The performance with Llama 3.2 3b was bad. Borderline usable, but very bad. I left it answering a simple question, came back ten minutes later and for some reason my phone had essentially crashed. I had a black screen, pressing the power button gave me a menu allowing me to choose Lockdown/Power Off/Restart, but I couldn't get anything else to come up so I forced it to restart. (As a result, I can't tell you which file I had to make the gzip change in.)

This could be a termux problem rather than a ollama one, I don't know. In any case, the performance was bad enough that for running LLMs I'm not that interested, although I think termux could be very useful to me in general.

ChatterUI

The latest beta from github wouldn't let me add a new model (the button seemed unresponsive) but the 0.8.2 release is working like a charm. I don't properly understand what kind of models it wants - on the Models->Show Settings tab it says that supported quantizations are "Q4_0_4_4 Available" and "Q4_0_4_8 Not Available", but I'm used to downloading models from hugging face with quant names like Q4_KM. However, I had a copy of Meta Llama 3.1 8B Instruct Q6_K_L lying around on my PC which I copied over to my phone and ChatterUI is running it at completely usable speeds.

TL;DR

Of the apps I tried here, only "Private AI" and "ChatterUI" performed well.
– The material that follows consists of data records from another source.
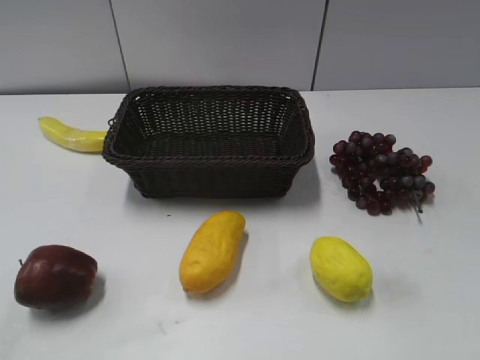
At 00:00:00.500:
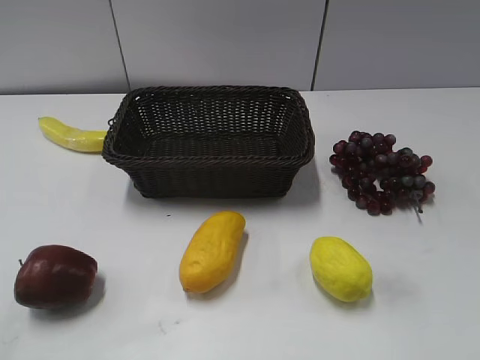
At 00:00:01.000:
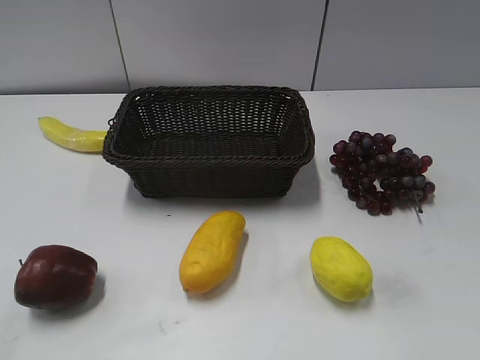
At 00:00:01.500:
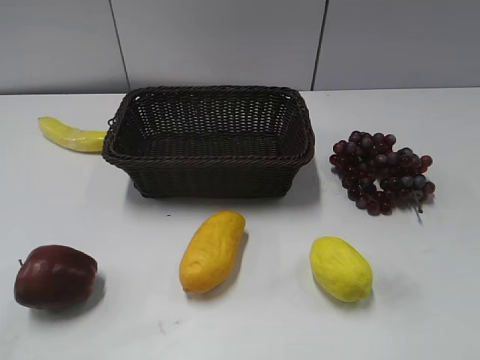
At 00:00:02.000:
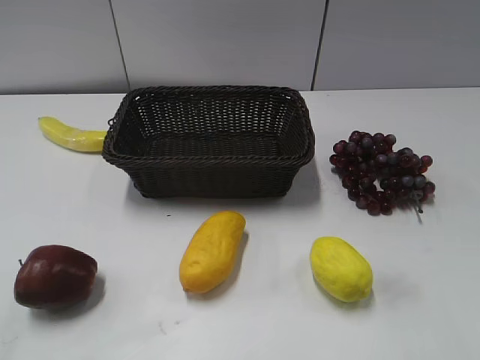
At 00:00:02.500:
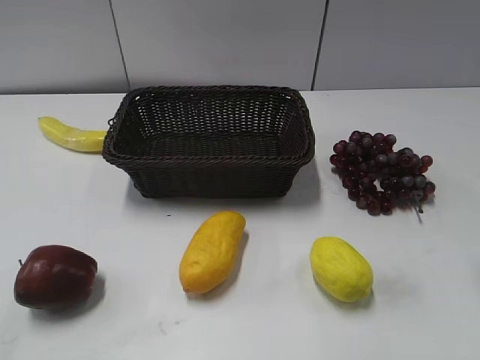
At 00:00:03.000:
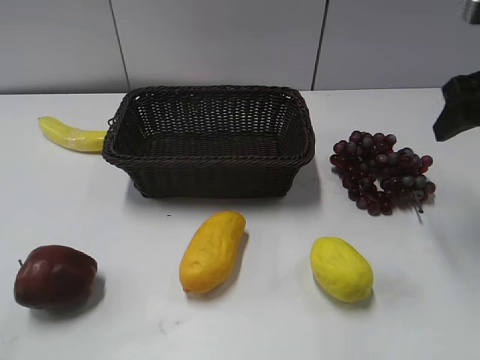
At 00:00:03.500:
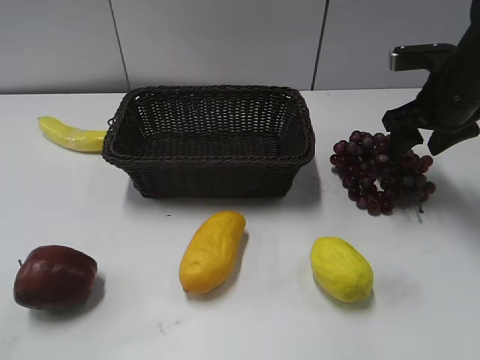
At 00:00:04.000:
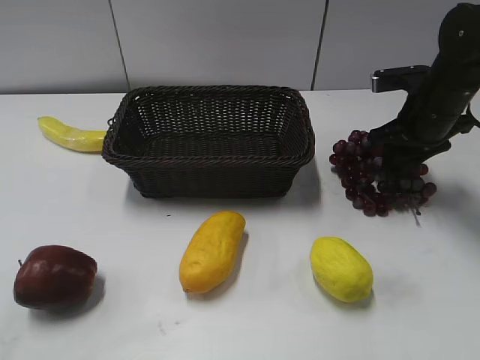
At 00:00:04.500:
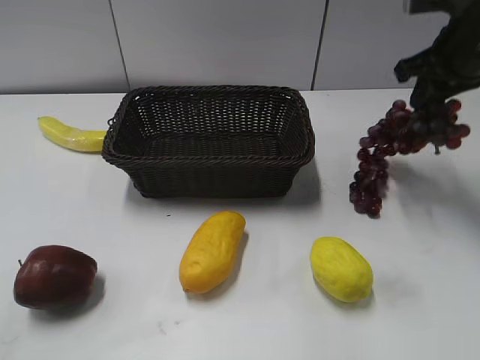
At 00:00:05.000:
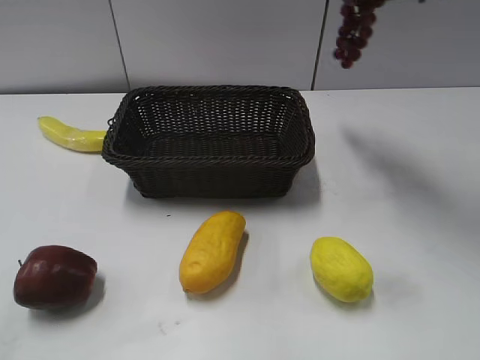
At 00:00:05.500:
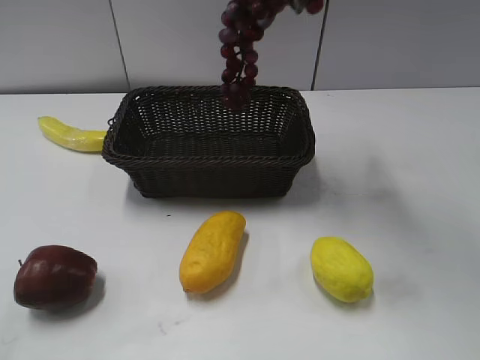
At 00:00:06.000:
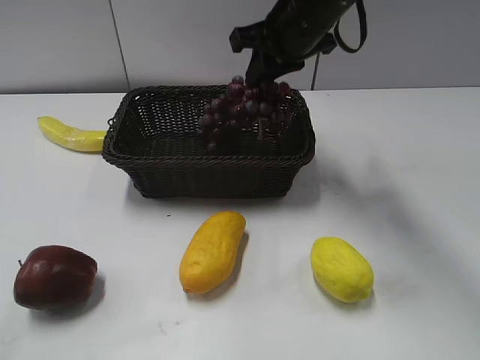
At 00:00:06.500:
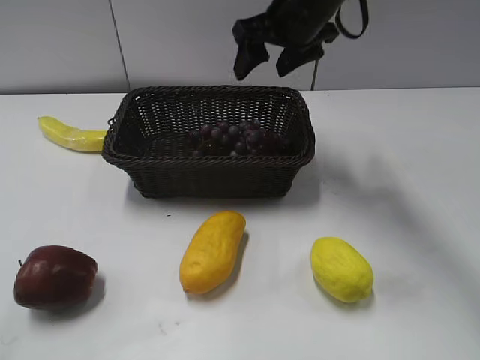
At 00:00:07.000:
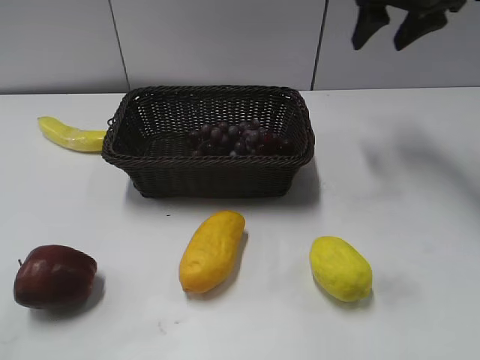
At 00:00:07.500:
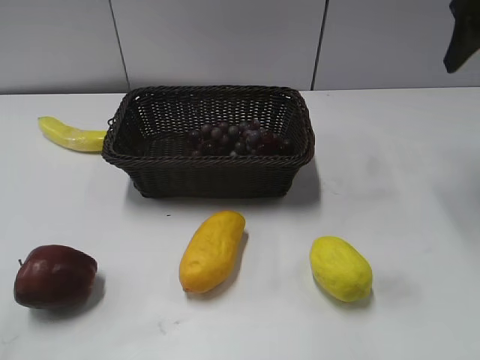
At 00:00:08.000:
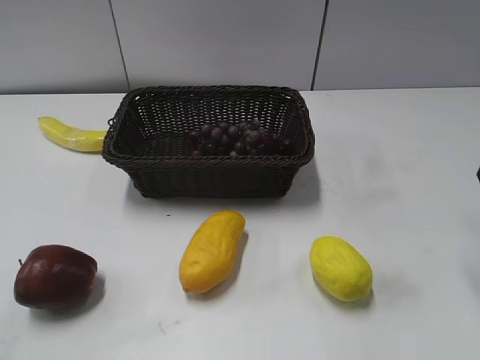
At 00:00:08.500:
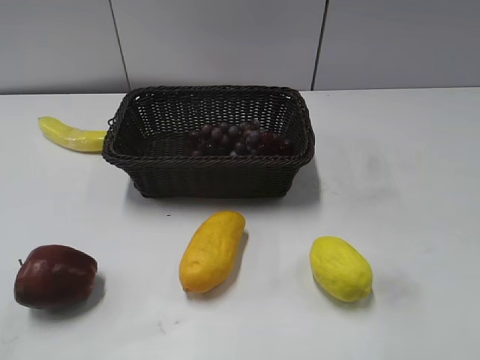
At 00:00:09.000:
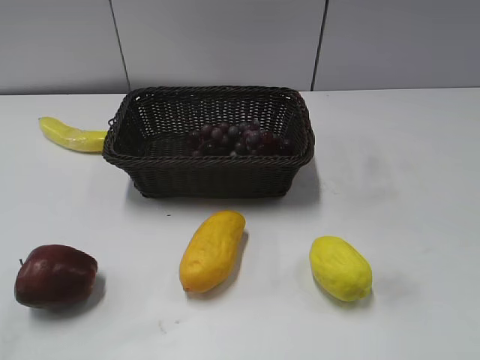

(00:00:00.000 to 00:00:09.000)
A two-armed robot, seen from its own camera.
Step, 00:00:03.000 - 00:00:04.000: Grasp the grape with right gripper.
Step, 00:00:04.500 - 00:00:06.500: Place the grape in the basket with right gripper.
00:00:02.000 - 00:00:04.500: The right gripper is displaced forward by about 25 cm, and closes its fingers.
00:00:04.500 - 00:00:07.000: The right gripper goes up and down, about 20 cm each way, reversing 2 times, and opens up.
00:00:07.000 - 00:00:09.000: The right gripper heads backward, covering some 40 cm.

GIven I tried different models on each it's hard to say if one is faster than the other, but they are roughly comparable and streets ahead of the others.

If you want to play around with local LLM on your phone with minimum fuss, try "Private AI" - except for the download glitch I had, it's pretty much install-and-play.

If you want to run arbitrary models or go larger than 7b, ChatterUI is the way to go. Depending on what you want to do, a lot of the fun in the LLM space is playing around with whatever the hot new model is, so ChatterUI has a definite advantage here. And while I didn't build it from source, the fact it is open source (AGPL-3.0) is very nice.

Hharvel · Nov 30, 2024

+1 for Private AI (by FireEdge)
+1 flor LM Studio on Windows

On my P9P, using Private AI, I run the AI Model from Brighteon.ai
https://brighteon.ai/Home/

It is from Mike Adams, aka the Health Ranger, founder of Brighteon...it does skew towards health, but I count that as I plus.

It is from June, but they are working on an update for 2025.

You have to register to download, but it can be run fully offline (deny network to Private AI) in Private AI on my phone or on LM Studio.

Here is a partial list of what is included:

Neo-Dolphin-Mistral 7B V0.1.6
8,973 articles from Mercola.com
26 books on vitamins, minerals, nutrients and natural medicine
18 books on survival, foraging, wild foods, off grid survival skills, bushcrafting
17 books on mainstream medicine, COVID, pharmaceuticals, pesticides and herbicides
Plus all the data from earlier data sets

HTH

BByku · Dec 5, 2024

Anyone got Lite Mistral working in ChatterUI? It's lighweight and fast but rumbles incoherently to itself. Can't figure the instruct sequence. I see it featured on one the screenshots in ChatterUI github.